* ACTION ITEM *
The expected output is the exact lines from the one containing "The object was" through the end of the data, inclusive, and nothing else.

[Recorded data]
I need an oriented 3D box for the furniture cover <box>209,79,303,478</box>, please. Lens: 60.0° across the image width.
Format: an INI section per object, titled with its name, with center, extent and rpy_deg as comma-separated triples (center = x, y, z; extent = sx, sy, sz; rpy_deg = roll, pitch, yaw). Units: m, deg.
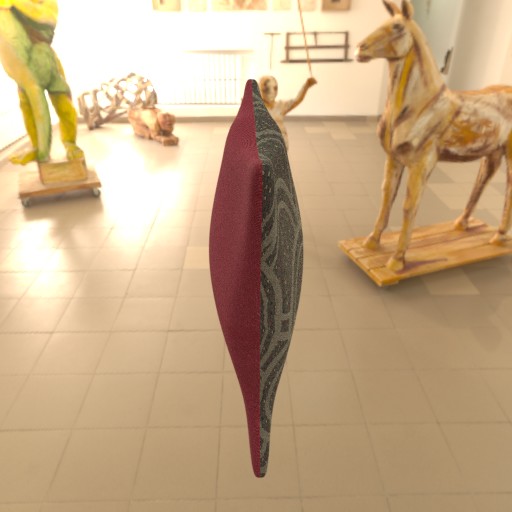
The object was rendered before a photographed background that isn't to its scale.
[furniture cover]
center = 0.000, 0.000, 0.786
extent = 0.163, 0.513, 0.514
rpy_deg = -1, 31, -1

* RESPONSE FOR THIS EXERCISE *
The object was rendered before a photographed background that isn't to its scale.
[furniture cover]
center = 0.000, 0.000, 0.786
extent = 0.163, 0.513, 0.514
rpy_deg = -1, 31, -1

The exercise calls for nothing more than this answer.